*Instructions for the task:* Pictures are to be left out. Copy exactly, and only, the lines from the start of the entries below to the line with "What messages or", both included.

*Records shown:*
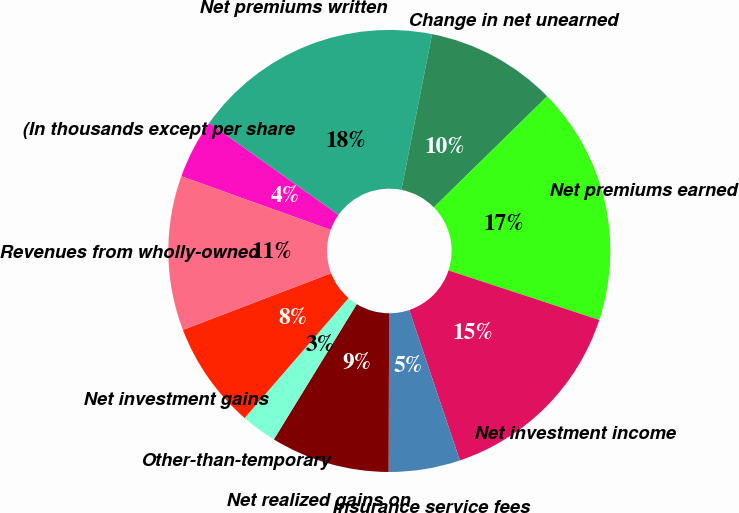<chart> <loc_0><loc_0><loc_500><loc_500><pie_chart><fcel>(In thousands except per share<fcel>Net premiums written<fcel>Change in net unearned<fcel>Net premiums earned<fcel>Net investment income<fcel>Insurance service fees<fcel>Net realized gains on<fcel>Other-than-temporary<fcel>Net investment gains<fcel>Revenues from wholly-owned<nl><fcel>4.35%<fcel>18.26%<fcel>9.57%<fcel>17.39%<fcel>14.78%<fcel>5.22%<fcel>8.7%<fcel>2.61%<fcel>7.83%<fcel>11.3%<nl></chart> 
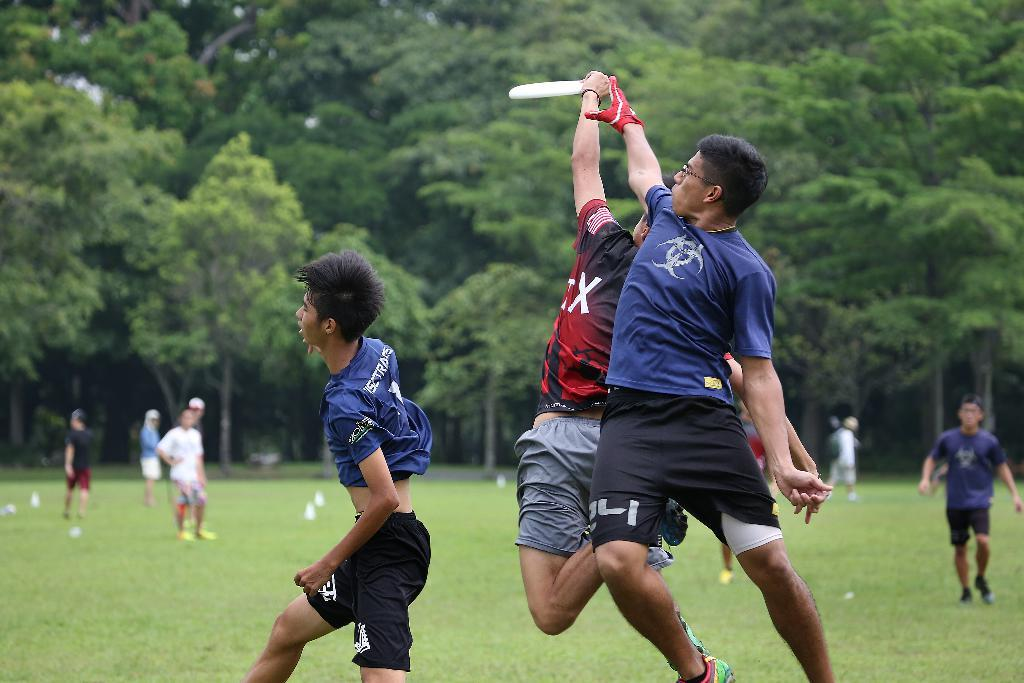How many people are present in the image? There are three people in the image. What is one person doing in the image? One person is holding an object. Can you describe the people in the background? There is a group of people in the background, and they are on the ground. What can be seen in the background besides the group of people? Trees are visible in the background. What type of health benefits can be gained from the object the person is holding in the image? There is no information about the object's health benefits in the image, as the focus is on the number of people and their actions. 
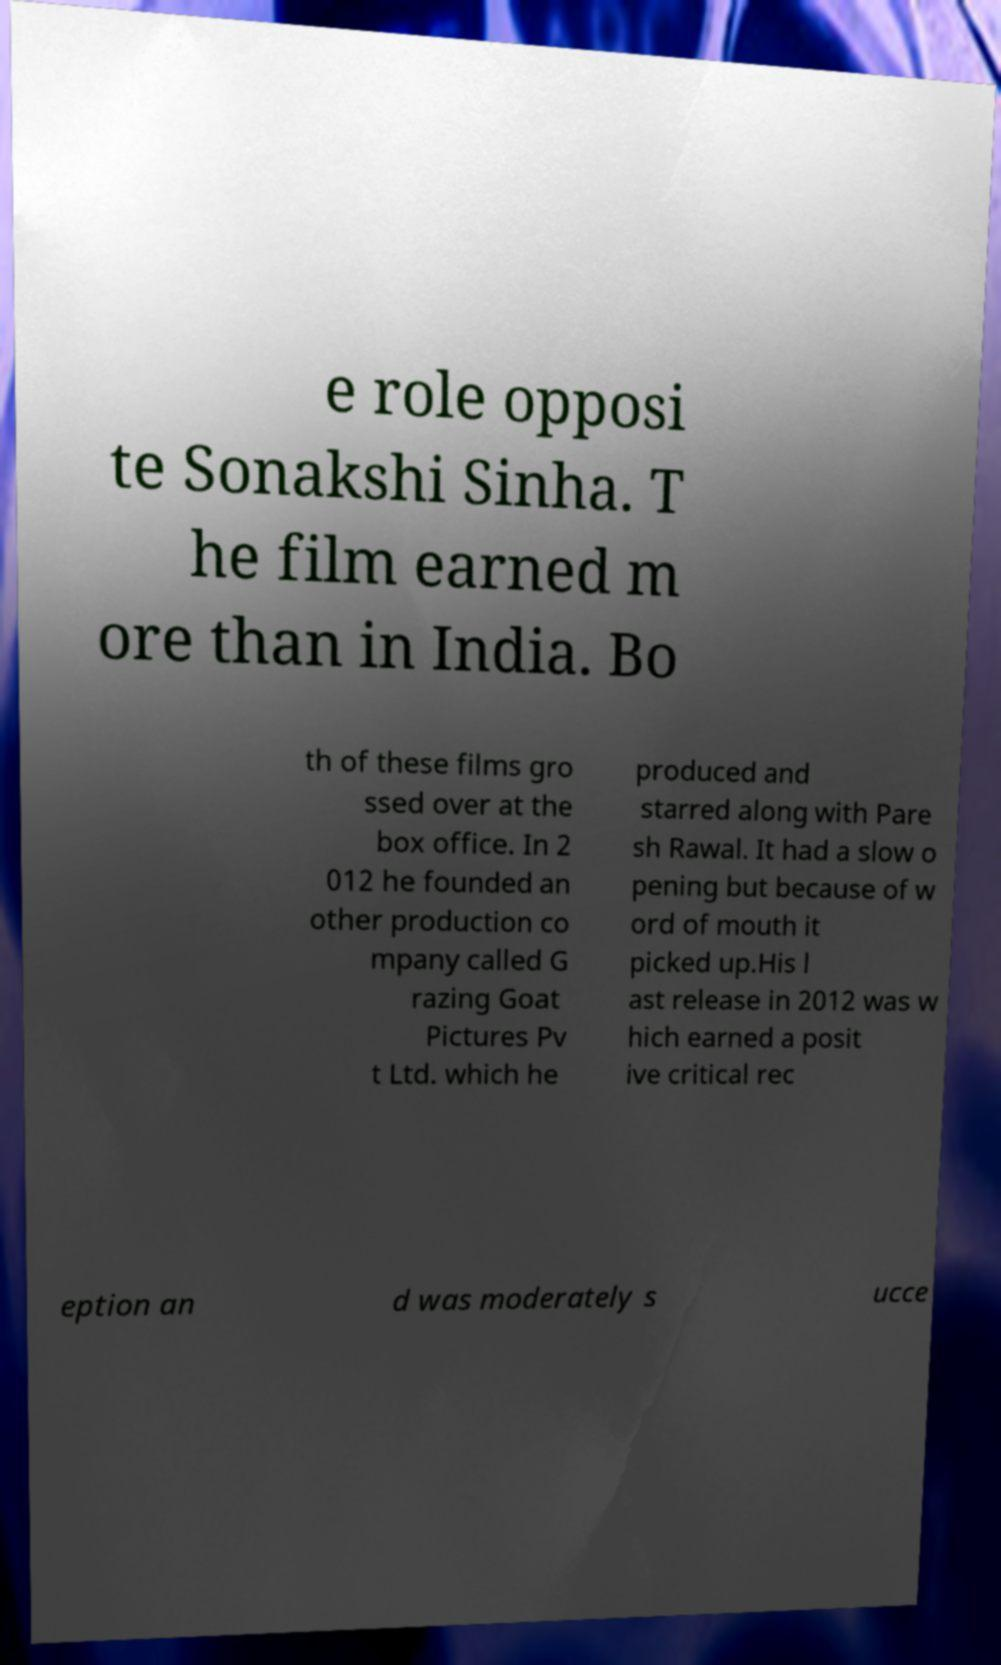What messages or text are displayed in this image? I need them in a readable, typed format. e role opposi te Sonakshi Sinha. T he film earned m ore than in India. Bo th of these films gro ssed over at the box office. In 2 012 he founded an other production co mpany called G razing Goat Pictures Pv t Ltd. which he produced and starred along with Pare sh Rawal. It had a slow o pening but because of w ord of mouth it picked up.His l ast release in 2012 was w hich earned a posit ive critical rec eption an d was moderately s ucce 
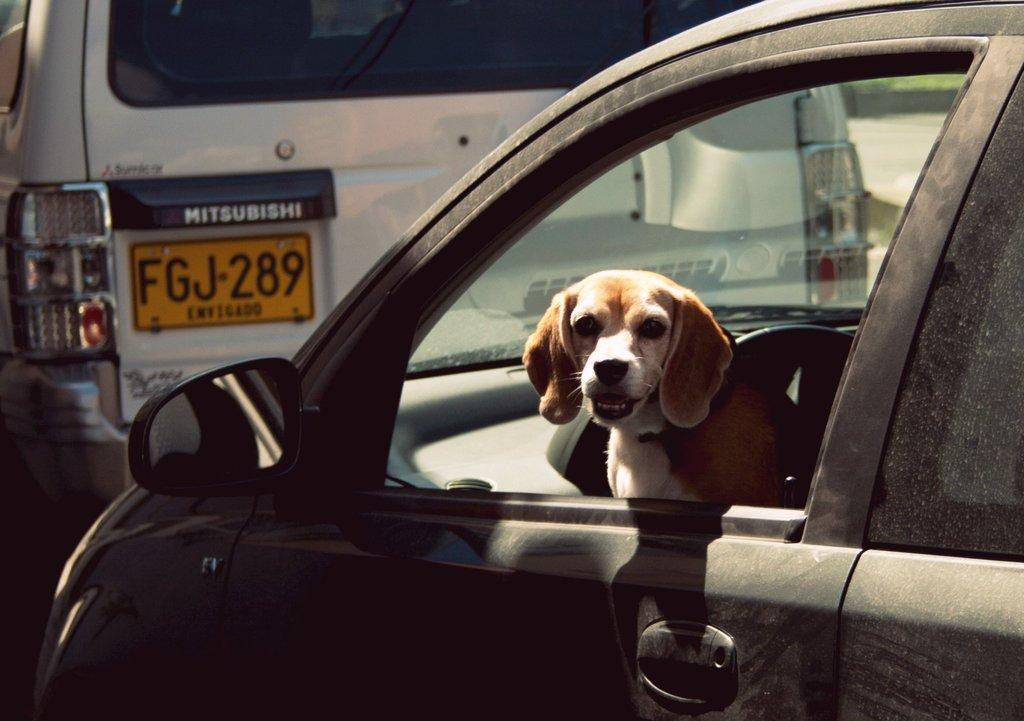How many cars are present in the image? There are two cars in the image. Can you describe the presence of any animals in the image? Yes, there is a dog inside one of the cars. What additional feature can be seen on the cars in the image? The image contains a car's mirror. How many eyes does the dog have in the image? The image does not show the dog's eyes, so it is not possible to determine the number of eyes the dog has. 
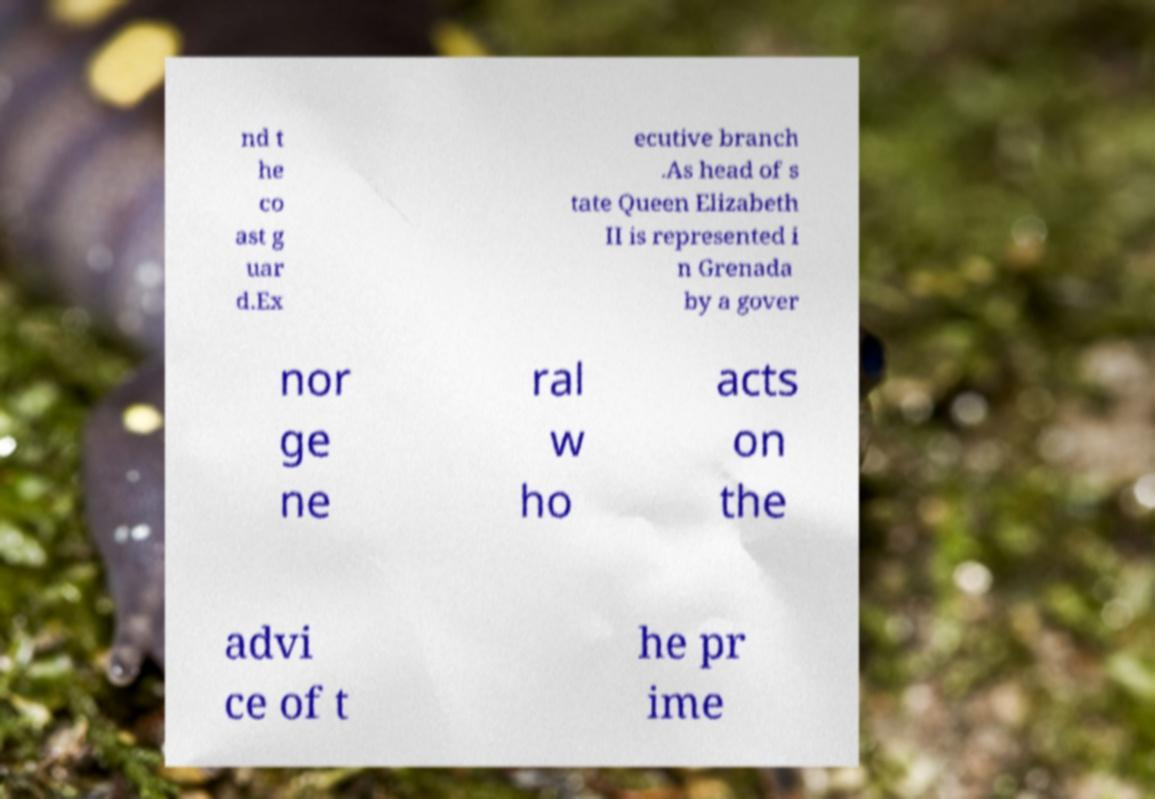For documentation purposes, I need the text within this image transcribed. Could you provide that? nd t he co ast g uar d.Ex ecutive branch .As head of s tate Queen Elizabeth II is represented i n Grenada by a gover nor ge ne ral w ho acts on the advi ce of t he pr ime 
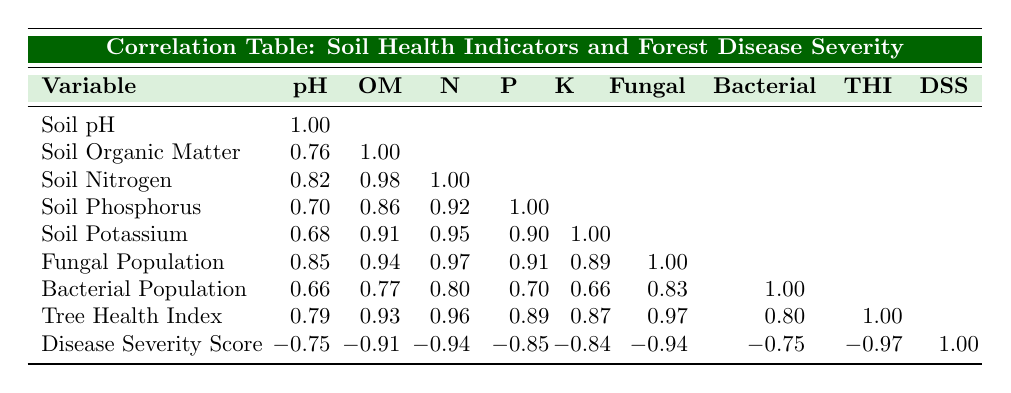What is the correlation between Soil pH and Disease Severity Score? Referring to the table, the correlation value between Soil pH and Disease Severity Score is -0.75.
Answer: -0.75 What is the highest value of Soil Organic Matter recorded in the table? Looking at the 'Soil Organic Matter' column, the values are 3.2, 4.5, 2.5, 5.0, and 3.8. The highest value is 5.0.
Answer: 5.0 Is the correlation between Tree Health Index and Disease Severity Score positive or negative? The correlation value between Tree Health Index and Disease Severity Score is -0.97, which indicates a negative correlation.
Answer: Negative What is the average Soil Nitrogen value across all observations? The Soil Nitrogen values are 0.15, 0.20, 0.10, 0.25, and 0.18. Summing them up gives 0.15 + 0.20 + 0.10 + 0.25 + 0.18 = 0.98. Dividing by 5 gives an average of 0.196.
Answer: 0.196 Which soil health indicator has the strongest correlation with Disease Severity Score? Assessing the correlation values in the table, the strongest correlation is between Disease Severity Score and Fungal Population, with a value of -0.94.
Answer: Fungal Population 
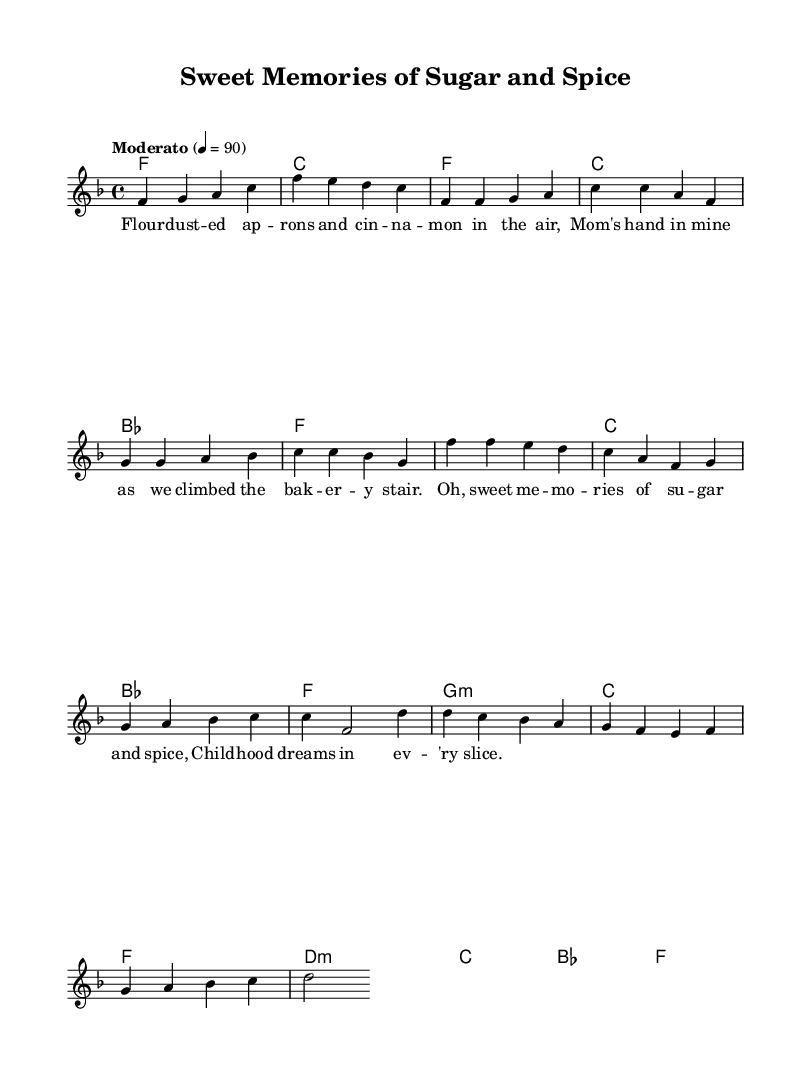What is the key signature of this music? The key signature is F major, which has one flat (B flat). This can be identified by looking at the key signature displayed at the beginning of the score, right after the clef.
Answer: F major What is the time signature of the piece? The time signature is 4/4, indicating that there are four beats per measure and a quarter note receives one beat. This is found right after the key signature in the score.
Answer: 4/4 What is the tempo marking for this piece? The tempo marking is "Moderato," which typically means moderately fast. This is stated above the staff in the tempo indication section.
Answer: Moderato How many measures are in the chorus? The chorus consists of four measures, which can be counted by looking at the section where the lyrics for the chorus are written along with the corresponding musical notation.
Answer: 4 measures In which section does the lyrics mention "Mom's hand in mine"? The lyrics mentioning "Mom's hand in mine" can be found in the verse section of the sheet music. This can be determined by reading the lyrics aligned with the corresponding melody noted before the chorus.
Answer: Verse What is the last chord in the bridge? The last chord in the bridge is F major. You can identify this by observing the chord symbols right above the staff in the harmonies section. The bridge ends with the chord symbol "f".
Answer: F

*Answer for this exercise:*
<chart> <loc_0><loc_0><loc_500><loc_500><pie_chart><fcel>(In thousands except per share<fcel>Net premiums written<fcel>Change in net unearned<fcel>Net premiums earned<fcel>Net investment income<fcel>Insurance service fees<fcel>Net realized gains on<fcel>Other-than-temporary<fcel>Net investment gains<fcel>Revenues from wholly-owned<nl><fcel>4.35%<fcel>18.26%<fcel>9.57%<fcel>17.39%<fcel>14.78%<fcel>5.22%<fcel>8.7%<fcel>2.61%<fcel>7.83%<fcel>11.3%<nl></chart> 
How many people are present in the image? There are three people in the image. What is one person doing in the image? One person is holding an object. Can you describe the people in the background? There is a group of people in the background, and they are on the ground. What can be seen in the background besides the group of people? Trees are visible in the background. What type of health benefits can be gained from the object the person is holding in the image? There is no information about the object's health benefits in the image, as the focus is on the number of people and their actions. 
What messages or text are displayed in this image? I need them in a readable, typed format. e role opposi te Sonakshi Sinha. T he film earned m ore than in India. Bo th of these films gro ssed over at the box office. In 2 012 he founded an other production co mpany called G razing Goat Pictures Pv t Ltd. which he produced and starred along with Pare sh Rawal. It had a slow o pening but because of w ord of mouth it picked up.His l ast release in 2012 was w hich earned a posit ive critical rec eption an d was moderately s ucce 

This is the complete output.